Jim set the bar high, expecting everyone to leap over it; and we all did. His partners, associates and legal assistants all rose to his challenge. So I bucked up, and Jim and I did our dance, through clouds of cigar smoke, glasses of whiskey, dirty boots up on his desk during brainstorms and along the way he taught me more about medical malpractice than 95 percent of other attorneys will ever know.

The teaching went both ways, though. In my buck-up style, I taught him that women professionals didn't need to be led around by the neck. Jim and I reached a truce and our own level of understanding. He made me a better consultant. I like to think he'd admit that my work product made him a better attorney.

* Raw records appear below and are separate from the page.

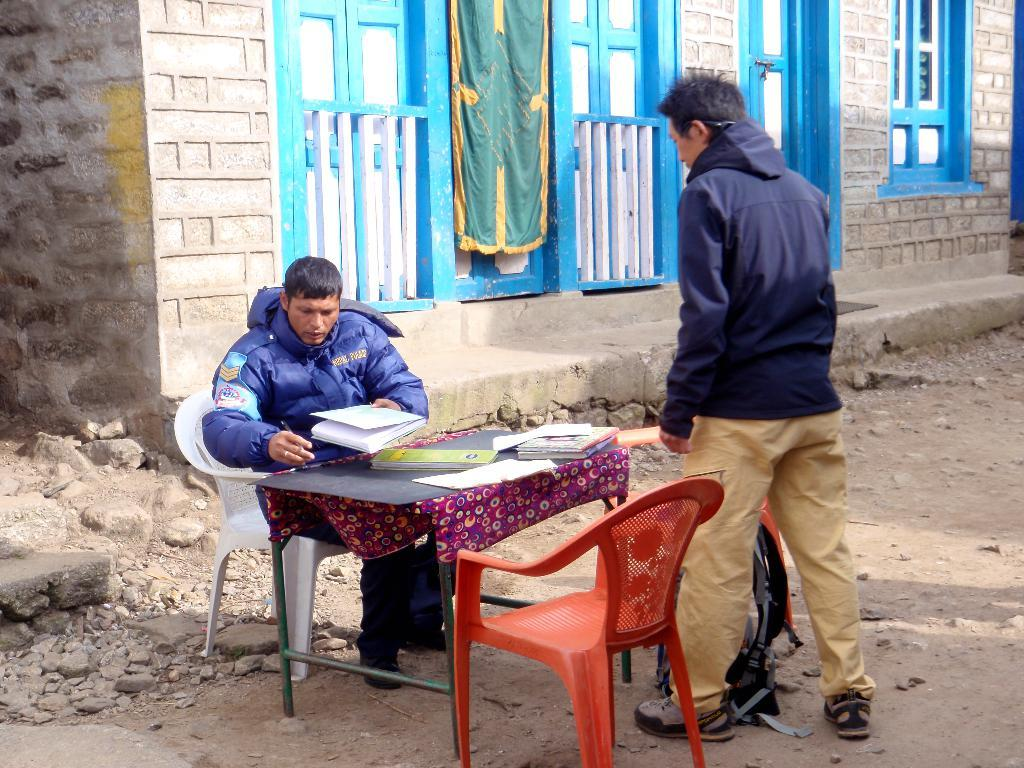What is the person in the image wearing? The person in the image is wearing a blue jacket. What is the person doing in the image? The person is sitting in a chair. What is in front of the person sitting in the chair? There is a table in front of the person sitting in the chair. What can be found on the table? The table has books on it. Who is present in the image besides the person sitting in the chair? There is another person standing in front of the person sitting in the chair. What type of arch can be seen in the background of the image? There is no arch visible in the background of the image. 
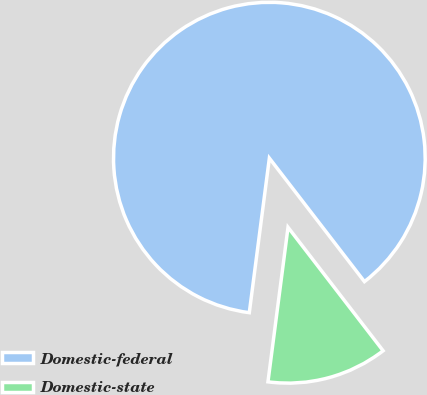Convert chart to OTSL. <chart><loc_0><loc_0><loc_500><loc_500><pie_chart><fcel>Domestic-federal<fcel>Domestic-state<nl><fcel>87.5%<fcel>12.5%<nl></chart> 
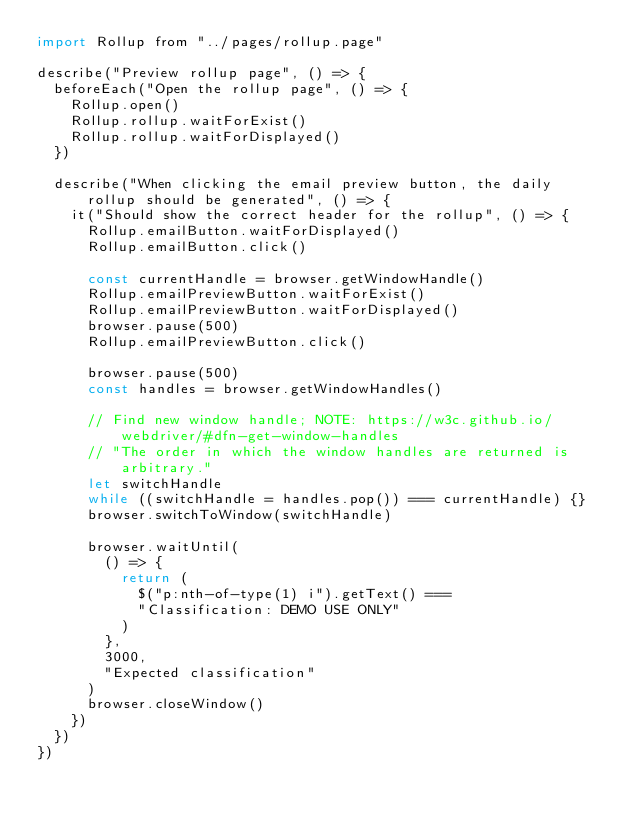<code> <loc_0><loc_0><loc_500><loc_500><_JavaScript_>import Rollup from "../pages/rollup.page"

describe("Preview rollup page", () => {
  beforeEach("Open the rollup page", () => {
    Rollup.open()
    Rollup.rollup.waitForExist()
    Rollup.rollup.waitForDisplayed()
  })

  describe("When clicking the email preview button, the daily rollup should be generated", () => {
    it("Should show the correct header for the rollup", () => {
      Rollup.emailButton.waitForDisplayed()
      Rollup.emailButton.click()

      const currentHandle = browser.getWindowHandle()
      Rollup.emailPreviewButton.waitForExist()
      Rollup.emailPreviewButton.waitForDisplayed()
      browser.pause(500)
      Rollup.emailPreviewButton.click()

      browser.pause(500)
      const handles = browser.getWindowHandles()

      // Find new window handle; NOTE: https://w3c.github.io/webdriver/#dfn-get-window-handles
      // "The order in which the window handles are returned is arbitrary."
      let switchHandle
      while ((switchHandle = handles.pop()) === currentHandle) {}
      browser.switchToWindow(switchHandle)

      browser.waitUntil(
        () => {
          return (
            $("p:nth-of-type(1) i").getText() ===
            "Classification: DEMO USE ONLY"
          )
        },
        3000,
        "Expected classification"
      )
      browser.closeWindow()
    })
  })
})
</code>

Here's the real surprise: Like Andy, Jim will always be one of my favorite attorney-clients. But hey, maybe that's not so surprising, after all. I love a challenge to my agility, don't you?

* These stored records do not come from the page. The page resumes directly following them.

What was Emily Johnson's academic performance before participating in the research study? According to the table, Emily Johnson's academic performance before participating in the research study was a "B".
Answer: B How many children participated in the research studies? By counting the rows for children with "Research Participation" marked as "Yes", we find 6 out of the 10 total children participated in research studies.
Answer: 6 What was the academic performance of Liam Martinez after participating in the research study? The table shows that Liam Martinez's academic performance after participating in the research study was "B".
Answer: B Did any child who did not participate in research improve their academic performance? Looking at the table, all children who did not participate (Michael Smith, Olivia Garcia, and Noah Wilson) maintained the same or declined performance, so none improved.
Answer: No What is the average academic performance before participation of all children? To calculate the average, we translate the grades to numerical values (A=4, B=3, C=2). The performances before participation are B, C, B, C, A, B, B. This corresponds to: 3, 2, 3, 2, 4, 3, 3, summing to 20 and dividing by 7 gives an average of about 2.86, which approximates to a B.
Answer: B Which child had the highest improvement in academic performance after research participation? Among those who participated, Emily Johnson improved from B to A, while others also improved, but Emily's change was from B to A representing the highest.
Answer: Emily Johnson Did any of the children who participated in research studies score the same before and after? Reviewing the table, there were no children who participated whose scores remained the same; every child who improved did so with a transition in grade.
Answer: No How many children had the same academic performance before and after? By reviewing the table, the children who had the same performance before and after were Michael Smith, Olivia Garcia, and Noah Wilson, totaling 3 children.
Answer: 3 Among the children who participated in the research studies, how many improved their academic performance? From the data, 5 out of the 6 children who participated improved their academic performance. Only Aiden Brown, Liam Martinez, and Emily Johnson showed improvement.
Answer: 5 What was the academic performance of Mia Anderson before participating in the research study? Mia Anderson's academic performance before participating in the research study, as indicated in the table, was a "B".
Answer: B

LEAVE YOUR OLD COMFORTS AT HOME

When packing for a trip to the deserts of Morocco, I noticed that I was cramming in an awful lot of American comforts. Here we go again: teapot, table, tent and hair dryer—plus two Sherpas to carry it all. Having invested my time and money in the adventure of exploring this exotic destination, I had to admit, “If I'm going to bring the United States with me, I might as well stay at home.”

By replicating my homey comforts on the road, I'd actually miss what I was traveling in search of—an exciting, unpredictable experience that would enliven my senses, stimulate my creative juices and move me out of my comfort zone so that I could return home rejuvenated, with increased agility to deal with all the challenges of life and business. I didn't need my hair dryer to ride a camel and sleep in the Sahara desert. By leaving such items behind, I packed lighter and was able to immerse myself in the Moroccan culture with a more complete sense of adventure.

Isn't this how we often approach life, dragging old baggage into new situations? We decide to travel to a new place—a new career, a new relationship. But we carry along old attitudes that deny us the new experience.

In your passionate new life, you'll be traveling to a new place, so leave your old comforts at home. The less baggage you carry, the more opportunity you'll have to flex your agility. Pack a lighter bag.